For the lecture notes of CS6700, click here
Course Content
RL foundations
Theory of average cost Markov decision processes (MDPs)
Off-policy evaluation
Least-squares methods
Temporal difference learning and its convergence
Policy-gradient algorithms: Policy gradient theorem; Gradient estimation using likelihood ratios;
Proximal policy optimization
Actor-critic methods (Compatible features, essential features, advantage updating).
Advanced topics
Risk-sensitive RL
Distributional RL
Finite time analysis of TD with linear function approximation
Finite time analysis of actor-critic methods
Reinforcement learning from human feedback (RLHF) and direct preference optimization (DPO(
Policy gradient variants: Policy Newton algorithms, Natural policy gradient, etc.
Grading
Project: 35%
Mid-sem: 25%
Homework: 10%
Papers’ discussion/presentation: 10%
Scribing: 10%
Class participation: 10%
Important Dates
Mid-term: Mar 17
Homework: Feb 28
Final exam: May 9 (as per academic calendar)
Papers’ study: Mar 28
Project proposal: Apr 4
Project presentation: Apr 30
Papers’ study
Students form a team of size at most two, and read a set of papers on RL. Each team would be then quizzed orally on the content of these papers by the instructor and TAs.
Course project
The project could be theoretical and/or practical, i.e., the course project could involve implementation of existing bandit algorithms on a sophisticated benchmark (e.g. recommendation systems) and/or original research in the form of a novel bandit formulation or extension of existing theoretical results. Given the limited timeframe of the course, working out a new result or a sufficiently novel extension of an existing result may not be completely feasible and in that case, the project report could turn into a survey of existing literature that the students familiarized with, while attempting to formulate/solve a RL problem.

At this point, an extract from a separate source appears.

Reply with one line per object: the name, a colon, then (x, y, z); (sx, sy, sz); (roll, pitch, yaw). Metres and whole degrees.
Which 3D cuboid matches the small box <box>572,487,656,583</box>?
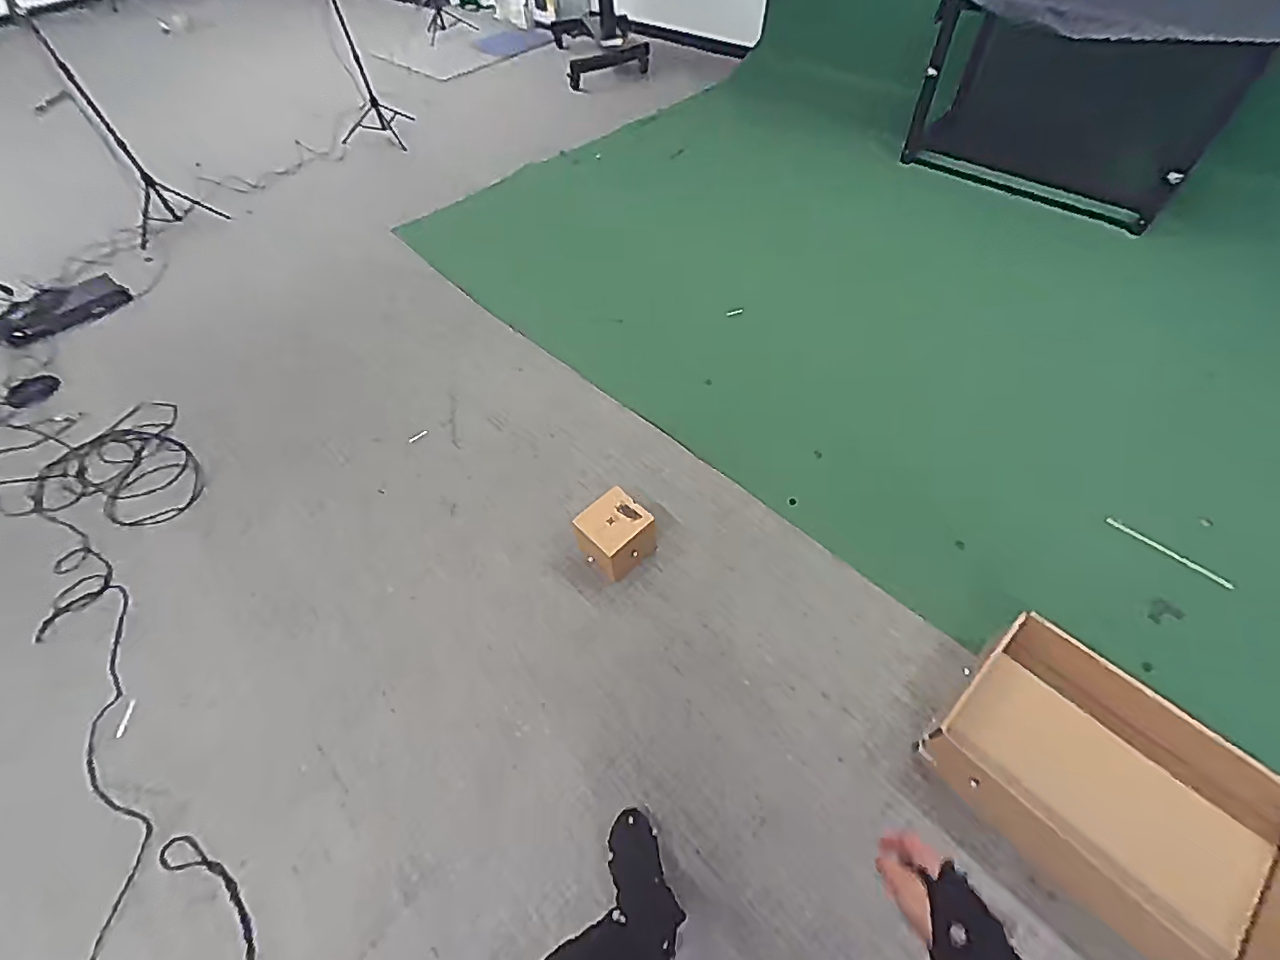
small box: (-0.071, 0.160, 1.557); (0.179, 0.176, 0.168); (-39, 61, -21)

For theoretically-oriented projects, the report is expected to provide a detailed description of the problem and accompanying algorithms. For the projects geared towards performance evaluation of existing RL algorithms, the report is expected to summarize the findings of the empirical investigation of state-of-the-art RL algorithms in one of the application domains.
The evaluation would be as follows: 10% for the project proposal, 20% for the final report and 10% for the presentation/viva.
Textbooks/References
RL foundations
D.P.Bertsekas, Dynamic Programming and Optimal Control, Vol. II, Athena Scientific, 2012
D.P.Bertsekas and J.N.Tsitsiklis, Neuro-Dynamic Programming, Athena Scientific, 1996
R.S.Sutton and A.G.Barto, Reinforcement Learning: An Introduction, MIT Press, 2020.
Advanced topics
Prashanth L.A. and Michael Fu, Risk-Sensitive Reinforcement Learning via Policy Gradient Search, Foundations and Trends in Machine Learning, 2022. [pdf] [Book page] [Tutorial]
Bellemare, Marc G., Will Dabney, and Mark Rowland. Distributional reinforcement learning. MIT Press, 2023. [Book page]
Prashanth L.A. and Shalabh Bhatnagar, Gradient-Based Algorithms for Zeroth-Order Optimization, Foundations and Trends in Optimization, Vol. 8: No. 1–3, pp 1-332, 2025 [Book page], [pre-publication copy]
For some of the topics, research papers and survey articles will be used.